2000-04-19 Thread Rich Ulrich

On 19 Apr 2000 16:30:07 GMT, [EMAIL PROTECTED] (Wen-Feng
Hsiao) wrote:

 The 5-point scale is obvious ordinal scale, while the bipolar scale can 
 be interval scale. However, we usually use analyses such as ANOVA, 
 Regression, etc. to analyze the collected 5-point data. Is there any 
 reasoning behind it? Please indicate me references, if possible. 

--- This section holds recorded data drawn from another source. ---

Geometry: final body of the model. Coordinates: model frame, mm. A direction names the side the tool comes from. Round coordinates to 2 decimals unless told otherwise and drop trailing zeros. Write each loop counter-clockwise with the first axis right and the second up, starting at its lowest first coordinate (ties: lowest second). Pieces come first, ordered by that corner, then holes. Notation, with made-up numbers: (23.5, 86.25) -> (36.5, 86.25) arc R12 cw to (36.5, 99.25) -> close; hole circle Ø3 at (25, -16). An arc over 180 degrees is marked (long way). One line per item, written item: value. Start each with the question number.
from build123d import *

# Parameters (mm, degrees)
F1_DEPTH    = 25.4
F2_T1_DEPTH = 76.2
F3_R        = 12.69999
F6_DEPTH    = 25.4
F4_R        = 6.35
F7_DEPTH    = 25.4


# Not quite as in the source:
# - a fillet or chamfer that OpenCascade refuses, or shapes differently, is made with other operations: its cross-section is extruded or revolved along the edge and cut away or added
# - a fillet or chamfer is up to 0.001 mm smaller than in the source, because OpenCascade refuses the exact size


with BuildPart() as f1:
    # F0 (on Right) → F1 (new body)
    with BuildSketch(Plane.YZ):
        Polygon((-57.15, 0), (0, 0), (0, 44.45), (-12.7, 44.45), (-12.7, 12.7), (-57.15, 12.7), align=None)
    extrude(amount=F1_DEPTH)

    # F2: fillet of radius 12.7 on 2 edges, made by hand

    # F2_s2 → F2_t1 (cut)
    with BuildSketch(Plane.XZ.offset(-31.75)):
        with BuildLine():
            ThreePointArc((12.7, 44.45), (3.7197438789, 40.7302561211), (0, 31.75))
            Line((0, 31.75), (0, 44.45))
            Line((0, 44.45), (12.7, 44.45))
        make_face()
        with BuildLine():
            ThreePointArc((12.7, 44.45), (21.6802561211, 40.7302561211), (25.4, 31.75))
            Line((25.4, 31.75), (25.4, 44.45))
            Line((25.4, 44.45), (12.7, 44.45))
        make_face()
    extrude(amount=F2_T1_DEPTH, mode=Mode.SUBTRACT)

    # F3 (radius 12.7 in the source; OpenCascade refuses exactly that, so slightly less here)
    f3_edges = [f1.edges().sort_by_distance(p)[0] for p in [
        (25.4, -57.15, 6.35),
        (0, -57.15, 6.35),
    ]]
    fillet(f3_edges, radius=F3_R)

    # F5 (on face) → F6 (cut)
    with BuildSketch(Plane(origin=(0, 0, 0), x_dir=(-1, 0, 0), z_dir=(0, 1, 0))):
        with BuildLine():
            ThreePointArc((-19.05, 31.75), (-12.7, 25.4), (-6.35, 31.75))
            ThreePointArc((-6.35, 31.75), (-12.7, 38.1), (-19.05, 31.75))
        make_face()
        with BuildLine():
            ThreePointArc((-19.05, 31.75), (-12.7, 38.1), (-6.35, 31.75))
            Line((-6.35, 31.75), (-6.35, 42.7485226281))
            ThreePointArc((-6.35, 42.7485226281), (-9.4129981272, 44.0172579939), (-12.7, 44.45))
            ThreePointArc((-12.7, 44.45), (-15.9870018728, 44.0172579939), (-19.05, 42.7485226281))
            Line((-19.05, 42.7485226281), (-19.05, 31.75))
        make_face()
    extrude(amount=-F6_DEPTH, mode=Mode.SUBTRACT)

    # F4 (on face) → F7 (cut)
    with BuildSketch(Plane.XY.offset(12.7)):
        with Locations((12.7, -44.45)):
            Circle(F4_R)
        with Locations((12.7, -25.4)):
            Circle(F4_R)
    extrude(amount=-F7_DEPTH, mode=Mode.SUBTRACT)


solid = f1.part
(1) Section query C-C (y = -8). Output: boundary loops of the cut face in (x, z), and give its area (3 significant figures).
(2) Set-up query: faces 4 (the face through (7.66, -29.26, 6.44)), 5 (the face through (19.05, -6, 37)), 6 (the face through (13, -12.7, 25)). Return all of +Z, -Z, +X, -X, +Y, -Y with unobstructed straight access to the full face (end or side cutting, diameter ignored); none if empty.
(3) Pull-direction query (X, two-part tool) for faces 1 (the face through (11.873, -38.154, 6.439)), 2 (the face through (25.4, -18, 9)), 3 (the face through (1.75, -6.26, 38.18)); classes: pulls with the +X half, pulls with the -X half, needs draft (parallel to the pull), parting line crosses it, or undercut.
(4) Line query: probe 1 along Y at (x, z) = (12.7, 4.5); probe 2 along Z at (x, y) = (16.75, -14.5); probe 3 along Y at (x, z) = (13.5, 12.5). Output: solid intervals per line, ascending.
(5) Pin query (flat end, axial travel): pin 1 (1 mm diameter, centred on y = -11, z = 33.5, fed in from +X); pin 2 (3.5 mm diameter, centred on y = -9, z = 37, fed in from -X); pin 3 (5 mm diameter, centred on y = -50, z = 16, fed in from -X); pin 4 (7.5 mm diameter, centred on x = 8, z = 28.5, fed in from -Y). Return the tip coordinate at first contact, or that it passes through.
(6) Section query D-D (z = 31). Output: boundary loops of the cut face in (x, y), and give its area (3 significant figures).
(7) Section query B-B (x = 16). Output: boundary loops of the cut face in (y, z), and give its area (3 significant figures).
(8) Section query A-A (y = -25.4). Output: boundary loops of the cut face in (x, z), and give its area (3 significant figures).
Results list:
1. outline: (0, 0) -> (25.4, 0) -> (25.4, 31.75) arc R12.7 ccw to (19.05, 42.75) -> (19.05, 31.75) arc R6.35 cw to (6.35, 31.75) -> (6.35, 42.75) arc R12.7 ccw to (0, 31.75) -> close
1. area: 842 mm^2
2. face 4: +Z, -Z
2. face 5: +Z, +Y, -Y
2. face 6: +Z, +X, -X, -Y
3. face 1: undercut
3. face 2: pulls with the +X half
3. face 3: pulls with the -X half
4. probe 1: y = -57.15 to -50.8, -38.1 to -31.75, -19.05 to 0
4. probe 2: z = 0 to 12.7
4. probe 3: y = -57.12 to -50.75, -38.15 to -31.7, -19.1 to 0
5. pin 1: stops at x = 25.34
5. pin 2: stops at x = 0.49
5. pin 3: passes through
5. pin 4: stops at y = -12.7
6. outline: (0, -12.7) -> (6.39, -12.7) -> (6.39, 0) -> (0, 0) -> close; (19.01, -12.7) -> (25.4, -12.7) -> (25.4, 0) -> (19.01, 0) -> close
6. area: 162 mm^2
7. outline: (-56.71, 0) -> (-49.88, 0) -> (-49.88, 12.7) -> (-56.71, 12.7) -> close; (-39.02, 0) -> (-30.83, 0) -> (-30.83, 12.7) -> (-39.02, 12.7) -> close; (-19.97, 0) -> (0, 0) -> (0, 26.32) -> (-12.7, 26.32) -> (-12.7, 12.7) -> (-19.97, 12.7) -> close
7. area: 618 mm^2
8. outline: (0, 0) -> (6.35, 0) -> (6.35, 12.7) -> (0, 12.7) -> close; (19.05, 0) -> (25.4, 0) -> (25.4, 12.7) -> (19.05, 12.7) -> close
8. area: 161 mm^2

If a 5-point scale was created or adapted for a study with any
attention to detail, then it will be pretty close to "equal interval"
by intention, and probably by result.

If a scale has only 5 points, then there will be a whole lot of ties
when you apply the rank-order transformation.  If you read your
statistical texts closely, you will see that they raise some doubts
about using ranks when there are ties.  Agresti has a good example of
alternative, competing scorings for a few derived categories, in each
of his books on categorical analyses.

I think you have been exposed to the prejudices of a few
Experimentalists in psychology and education, who were
overly-impressed--for a little while, about 30 or 40 years ago--with
the miracles of "nonparametric analyses which don't need any
assumptions!"   A 5-point scale happens to be "ordinal" which is a
word that impressed a few people; but it is not well suited to
rank-transforming (the ad-hoc solution for ties is not great).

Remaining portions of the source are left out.